* [Dataset records]
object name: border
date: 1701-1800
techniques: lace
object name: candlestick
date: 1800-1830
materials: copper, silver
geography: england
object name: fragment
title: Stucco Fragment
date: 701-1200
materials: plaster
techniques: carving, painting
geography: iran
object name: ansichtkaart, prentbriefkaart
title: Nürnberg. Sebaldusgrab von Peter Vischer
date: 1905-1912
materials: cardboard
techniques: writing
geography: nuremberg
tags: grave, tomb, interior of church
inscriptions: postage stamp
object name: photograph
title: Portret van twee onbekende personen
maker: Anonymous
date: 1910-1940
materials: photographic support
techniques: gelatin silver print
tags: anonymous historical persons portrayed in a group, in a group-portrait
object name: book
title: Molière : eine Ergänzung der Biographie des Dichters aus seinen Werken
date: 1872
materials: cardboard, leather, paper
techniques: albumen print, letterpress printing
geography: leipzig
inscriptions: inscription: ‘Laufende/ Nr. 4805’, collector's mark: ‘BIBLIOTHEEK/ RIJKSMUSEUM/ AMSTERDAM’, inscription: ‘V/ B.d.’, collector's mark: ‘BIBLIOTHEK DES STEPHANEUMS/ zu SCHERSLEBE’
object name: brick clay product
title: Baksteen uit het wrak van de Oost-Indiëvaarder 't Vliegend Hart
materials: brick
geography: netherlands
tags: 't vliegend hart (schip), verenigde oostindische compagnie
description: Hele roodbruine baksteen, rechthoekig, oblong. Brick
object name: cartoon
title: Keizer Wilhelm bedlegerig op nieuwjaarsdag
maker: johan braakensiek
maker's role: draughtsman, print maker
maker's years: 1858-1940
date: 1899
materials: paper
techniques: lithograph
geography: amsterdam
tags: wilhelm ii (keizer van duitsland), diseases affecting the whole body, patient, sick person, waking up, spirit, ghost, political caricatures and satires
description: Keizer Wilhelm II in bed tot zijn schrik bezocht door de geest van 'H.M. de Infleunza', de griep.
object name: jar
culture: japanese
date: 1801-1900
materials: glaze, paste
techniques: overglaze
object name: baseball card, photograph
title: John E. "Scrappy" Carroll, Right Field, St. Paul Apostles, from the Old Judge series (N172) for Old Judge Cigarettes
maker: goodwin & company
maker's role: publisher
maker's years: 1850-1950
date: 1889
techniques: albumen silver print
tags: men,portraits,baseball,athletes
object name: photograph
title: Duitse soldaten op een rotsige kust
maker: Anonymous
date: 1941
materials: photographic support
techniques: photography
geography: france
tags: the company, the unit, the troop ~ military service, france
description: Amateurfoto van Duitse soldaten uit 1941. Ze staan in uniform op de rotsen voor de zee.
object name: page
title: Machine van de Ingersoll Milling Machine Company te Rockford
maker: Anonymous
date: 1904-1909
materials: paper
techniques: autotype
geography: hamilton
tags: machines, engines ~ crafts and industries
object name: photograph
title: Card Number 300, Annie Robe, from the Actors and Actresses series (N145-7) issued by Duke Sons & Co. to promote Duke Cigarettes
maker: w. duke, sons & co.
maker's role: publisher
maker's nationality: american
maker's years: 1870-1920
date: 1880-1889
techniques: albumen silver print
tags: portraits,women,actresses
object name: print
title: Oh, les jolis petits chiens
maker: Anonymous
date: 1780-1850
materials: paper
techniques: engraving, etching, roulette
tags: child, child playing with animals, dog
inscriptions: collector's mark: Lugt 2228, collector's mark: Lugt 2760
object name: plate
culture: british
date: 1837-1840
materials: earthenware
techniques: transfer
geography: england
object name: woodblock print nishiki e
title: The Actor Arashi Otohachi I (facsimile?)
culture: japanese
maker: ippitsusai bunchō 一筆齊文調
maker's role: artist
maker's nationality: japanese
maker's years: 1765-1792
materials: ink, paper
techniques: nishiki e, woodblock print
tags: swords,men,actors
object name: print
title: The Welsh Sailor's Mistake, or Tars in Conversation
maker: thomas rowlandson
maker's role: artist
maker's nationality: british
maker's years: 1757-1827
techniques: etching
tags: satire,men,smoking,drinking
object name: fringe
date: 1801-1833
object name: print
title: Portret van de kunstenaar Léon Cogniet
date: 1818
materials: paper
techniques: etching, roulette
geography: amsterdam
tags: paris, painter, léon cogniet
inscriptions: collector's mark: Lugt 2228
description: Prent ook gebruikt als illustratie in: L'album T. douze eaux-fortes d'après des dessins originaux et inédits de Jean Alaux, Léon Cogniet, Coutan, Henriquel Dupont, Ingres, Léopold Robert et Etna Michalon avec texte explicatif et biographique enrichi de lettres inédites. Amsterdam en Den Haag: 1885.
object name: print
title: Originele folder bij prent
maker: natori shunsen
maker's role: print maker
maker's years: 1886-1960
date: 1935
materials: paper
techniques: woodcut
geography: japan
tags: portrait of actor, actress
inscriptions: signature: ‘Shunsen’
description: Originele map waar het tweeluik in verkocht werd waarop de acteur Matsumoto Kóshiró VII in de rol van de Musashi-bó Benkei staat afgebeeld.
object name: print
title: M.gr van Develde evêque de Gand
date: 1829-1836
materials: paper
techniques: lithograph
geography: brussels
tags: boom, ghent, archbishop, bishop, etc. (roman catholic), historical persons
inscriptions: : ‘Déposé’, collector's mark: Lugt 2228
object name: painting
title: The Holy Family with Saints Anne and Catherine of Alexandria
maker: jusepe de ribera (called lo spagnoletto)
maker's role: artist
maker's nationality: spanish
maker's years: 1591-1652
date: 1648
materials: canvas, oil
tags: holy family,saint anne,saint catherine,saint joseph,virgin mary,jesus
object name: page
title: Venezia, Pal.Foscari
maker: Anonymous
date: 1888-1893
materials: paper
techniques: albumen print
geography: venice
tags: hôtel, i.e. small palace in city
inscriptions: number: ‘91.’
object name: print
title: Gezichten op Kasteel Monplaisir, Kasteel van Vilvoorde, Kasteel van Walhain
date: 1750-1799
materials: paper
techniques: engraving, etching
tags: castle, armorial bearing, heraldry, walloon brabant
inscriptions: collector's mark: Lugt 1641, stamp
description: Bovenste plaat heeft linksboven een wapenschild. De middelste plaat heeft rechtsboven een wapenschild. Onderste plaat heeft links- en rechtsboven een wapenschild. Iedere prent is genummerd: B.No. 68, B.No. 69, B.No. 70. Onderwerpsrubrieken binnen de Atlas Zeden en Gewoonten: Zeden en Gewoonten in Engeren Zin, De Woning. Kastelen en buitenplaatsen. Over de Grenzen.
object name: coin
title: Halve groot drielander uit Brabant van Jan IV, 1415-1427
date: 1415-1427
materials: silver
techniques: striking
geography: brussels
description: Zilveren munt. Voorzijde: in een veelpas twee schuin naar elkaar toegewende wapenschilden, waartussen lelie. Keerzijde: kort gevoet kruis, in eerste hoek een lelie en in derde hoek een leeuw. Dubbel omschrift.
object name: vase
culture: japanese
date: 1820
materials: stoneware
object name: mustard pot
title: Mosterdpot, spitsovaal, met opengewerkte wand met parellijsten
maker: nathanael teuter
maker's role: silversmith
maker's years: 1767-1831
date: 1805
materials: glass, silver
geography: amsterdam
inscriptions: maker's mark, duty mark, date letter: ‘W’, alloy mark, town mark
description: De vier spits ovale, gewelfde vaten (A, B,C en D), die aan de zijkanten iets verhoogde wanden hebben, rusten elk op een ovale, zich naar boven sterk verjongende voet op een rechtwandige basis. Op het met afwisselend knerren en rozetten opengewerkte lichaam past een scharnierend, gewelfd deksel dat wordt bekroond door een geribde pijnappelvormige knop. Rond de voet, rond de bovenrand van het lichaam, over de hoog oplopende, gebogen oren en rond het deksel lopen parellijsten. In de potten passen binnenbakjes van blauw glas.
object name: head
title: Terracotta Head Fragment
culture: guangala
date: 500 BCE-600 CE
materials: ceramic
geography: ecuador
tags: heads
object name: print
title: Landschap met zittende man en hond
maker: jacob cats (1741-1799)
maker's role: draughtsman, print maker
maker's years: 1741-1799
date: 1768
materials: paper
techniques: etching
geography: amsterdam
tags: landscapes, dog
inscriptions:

* [Task details] The answer must consist of every line from the entries above that contains the string "etching".

* [Response to the exercise]
techniques: engraving, etching, roulette
techniques: etching
techniques: etching, roulette
techniques: engraving, etching
techniques: etching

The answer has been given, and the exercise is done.